CUNA calls CFPB rejection of regulatory relief support ‘troubling’

The Consumer Financial Protection Bureau’s (CFPB) rejection of a bipartisan call for regulatory relief is troubling and the bureau is strongly encouraged to reconsider, wrote CUNA and all 38 state credit union leagues and all 37 credit union leagues representing all 50 states and the District of Columbia in a letter sent Wednesday to CFPB Director Richard Cordray.

The letter explains that Section 1022 of the Dodd-Frank Act gives the CFPB statutory authority to exempt any class of entities from CFPB rulemakings, and how CUNA and the state leagues have been joined by a bipartisan supermajority of Congress–399 members from both chambers–in their call for the bureau to exercise said authority.

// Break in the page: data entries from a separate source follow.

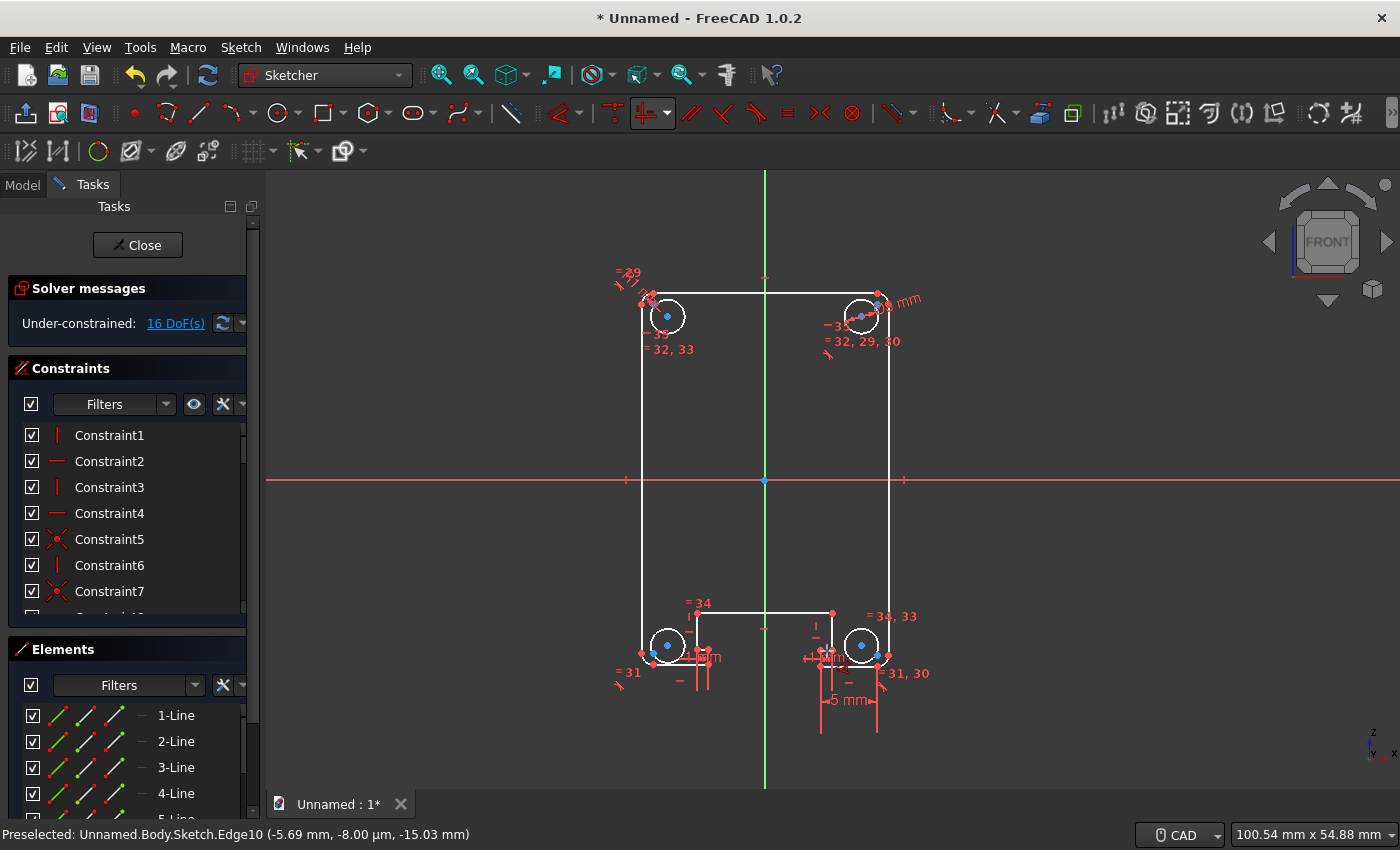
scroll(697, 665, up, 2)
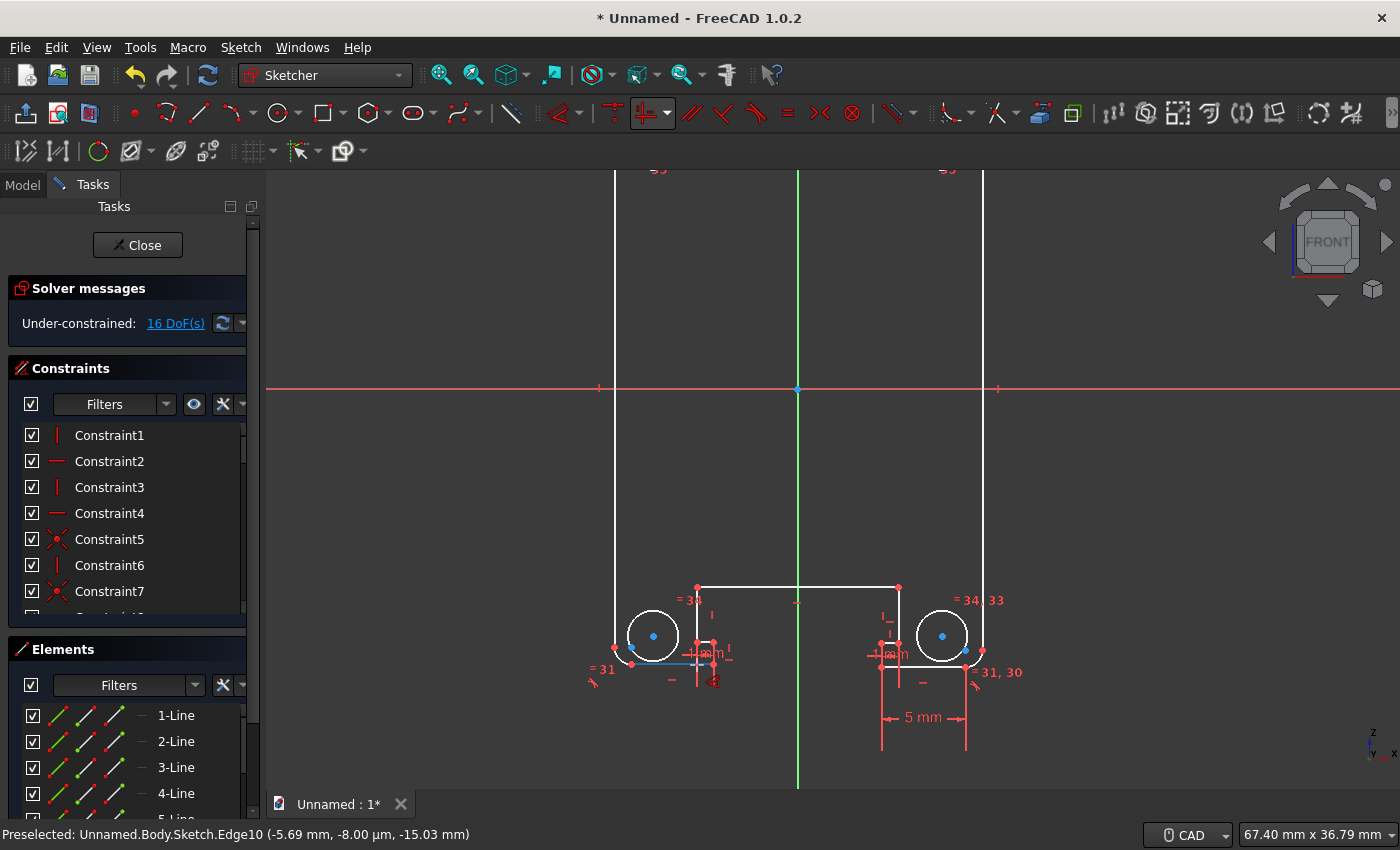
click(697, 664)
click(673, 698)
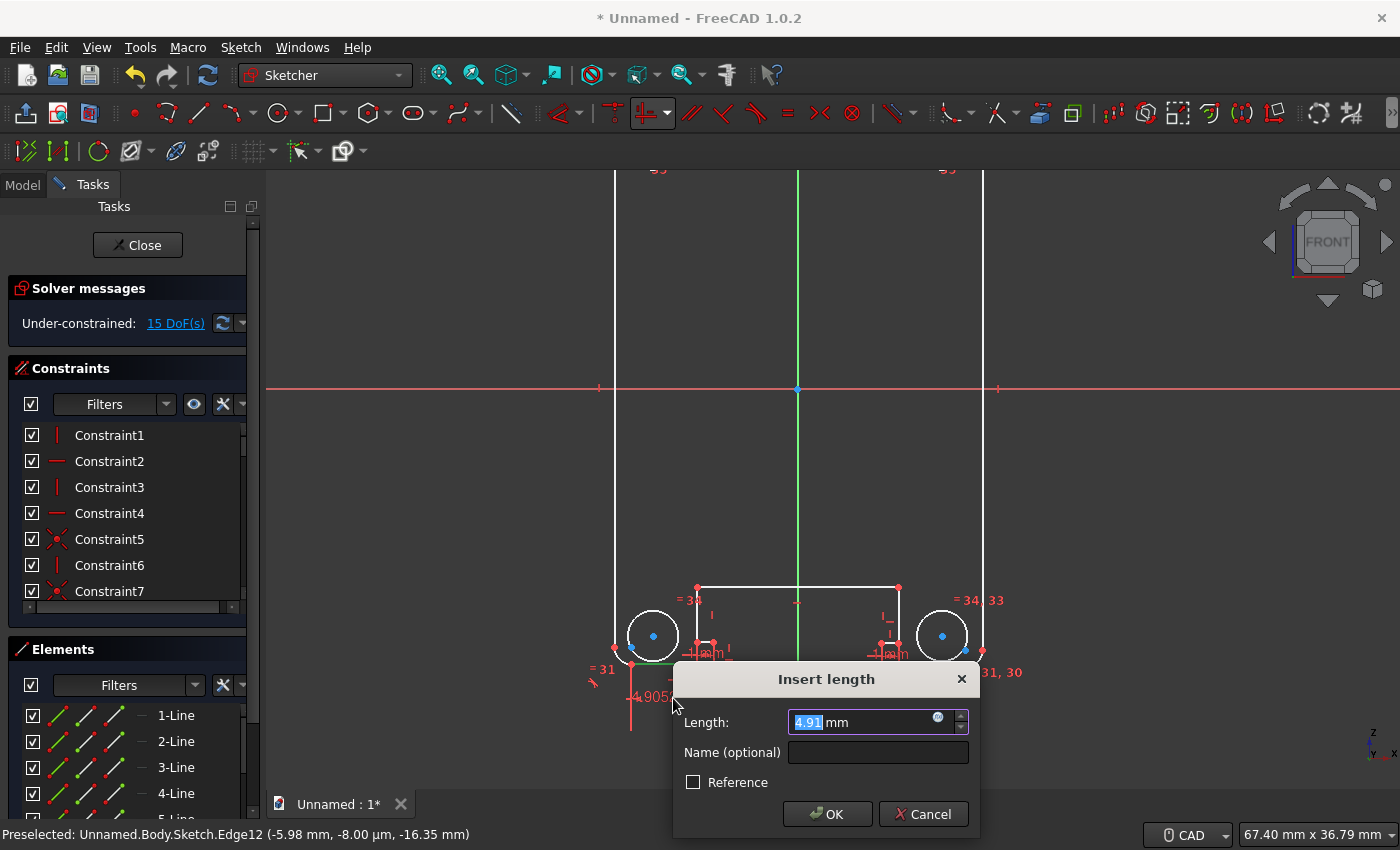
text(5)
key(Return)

“The bureau’s resistance to the plain language of the statute and the subsequent bipartisan message of more than three-quarters of the elected representatives in the federal government is baffling and disrespects the consumers who elected the Congress,” the letter reads. “We strongly encourage the bureau to reconsider its perspective on Section 1022 and finalize rules that allow credit unions to continue to offer services to consumers under the current regulatory scheme.”

“What is at stake, of course, is consumers’ continued access to safe and affordable financial services provided by cooperative financial institutions,” said CUNA and the state leagues. “Credit unions accept that they are subject to regulation, but Congress has sent strong signals through the statute and other means that that regulation must be reasonable.”